とり

恐竜・怪鳥の伝説のとりのレビュー・感想・評価

恐竜・怪鳥の伝説(1977年製作の映画)
3.3
思ってたより悪くなかった。もっとひどいのを期待してたからある意味ガッカリ映画。
ドラマ部分がダルいのはこの手の映画のお約束だし、ウトウトしても問題ありません。なんなら早送りでも。私は絶対しませんけどね!

特撮部分はこれまでのノウハウがたっぷりある時代なので、かなり頑張ってます。
怪獣の大きさの見せ方もなかなかのものだし、ジュラシックパークの先駆け的なシーンも多々。窓の向こうに巨大生物らしき姿とかかなりいい線いってます。バックに巨大スクリーンを置いて演技するのはハリーハウゼンぽい。怪獣ジャンルを外すとヒッチコックのスクリーンプロセスの使い方は参考書レベルですね。

変にもったいぶることもなく惨殺の様子を見せてくれます。素直で好感度高い。
ただね~音楽のセンスがどうかしてる。楳図かずおバリにギャーッてなってるシーンで能天気なノリノリ曲だったり、意味不明な歌詞が乗ってたり。
おかげで渾身の特撮シーンが台無し。怖すぎる人のための配慮かな?
おばあさんの歌は雰囲気あったし、ボートでの使い方も上手かったから、やっぱりわざと外してきたか?

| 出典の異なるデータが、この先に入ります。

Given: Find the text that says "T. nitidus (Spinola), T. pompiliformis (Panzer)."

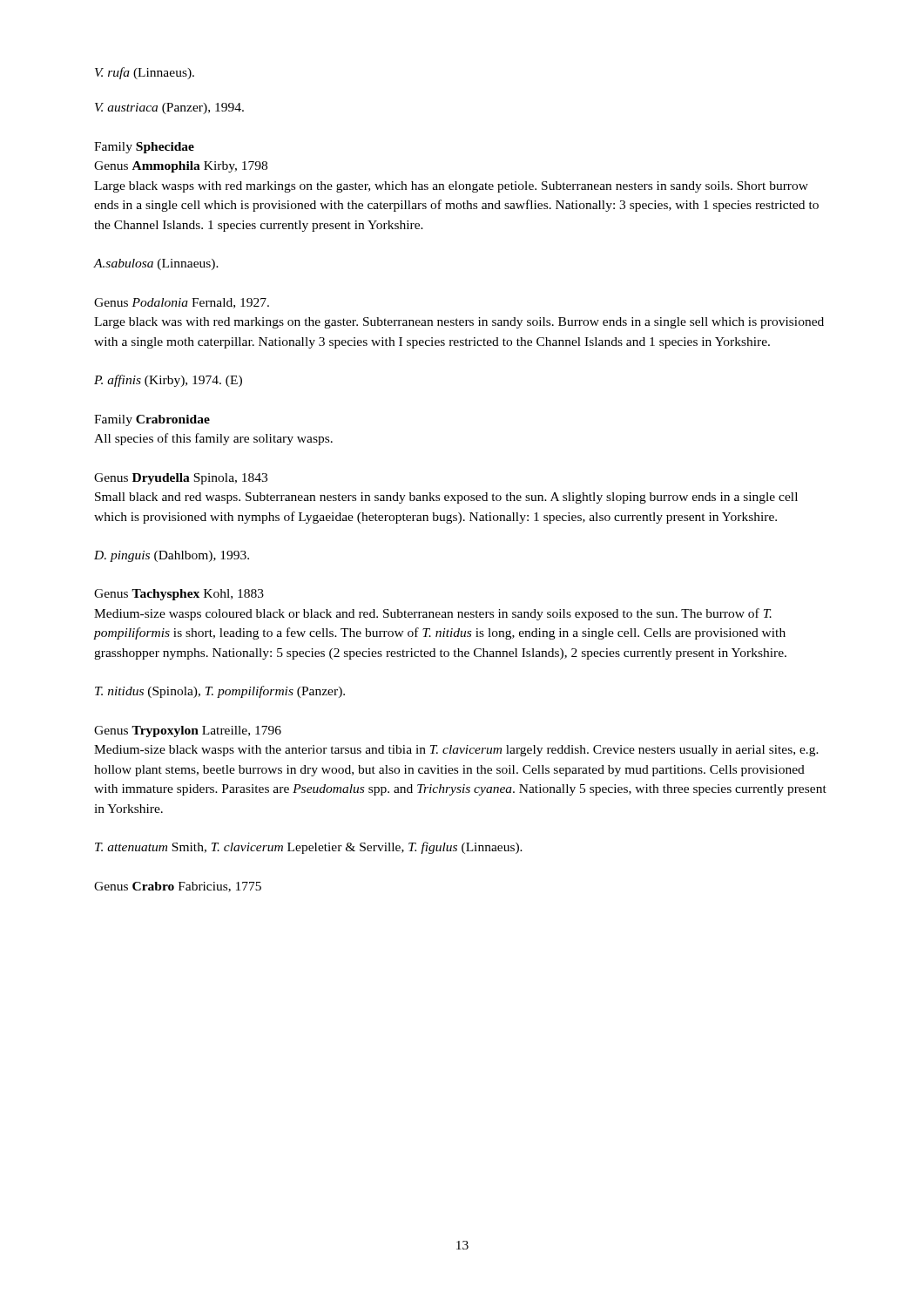Looking at the screenshot, I should tap(220, 692).

主演の渡瀬恒彦がめっちゃ若い!可愛らしい少年の面影すら残ってますがな。
この人を含め全登場人物のメッセージ性が皆無なんですよね。何がしたいのかまったくわからん。作品のテーマも。
間(ま)の取り方も贅沢でゆったりのんびりしてて、なんともいい時代だな~。
あ、でも心配してくれてる彼女にいきなり往復ビンタをかまして黙らしちゃうのはわりと衝撃シーン。
セリフが舞台みたいにハキハキして聞き取りやすくて気持ちいいです。アフレコも多用してるのかな?今の邦画がいかに聞き取りづらいかよくわかる。マイク等の機材は圧倒的にいいのにね。

ラスト10分は言葉で表せないほどの気合い。怪獣の戦いやセットロケの特撮の見応え抜群。着ぐるみに逃げなかった勇気!
気候変動によって目覚めた彼らが再び滅びゆく物悲しさまで感じられます。
モンスターパニックもののクライマックスはこうでなくちゃ!
そこへきてモジモジくんたちの泣けるドラマ?コント?これがもう可笑しくて。演出がしつこい上に例の変な音楽。爆笑のうちに幕を閉じました。完全に観客置いてけぼりエンド。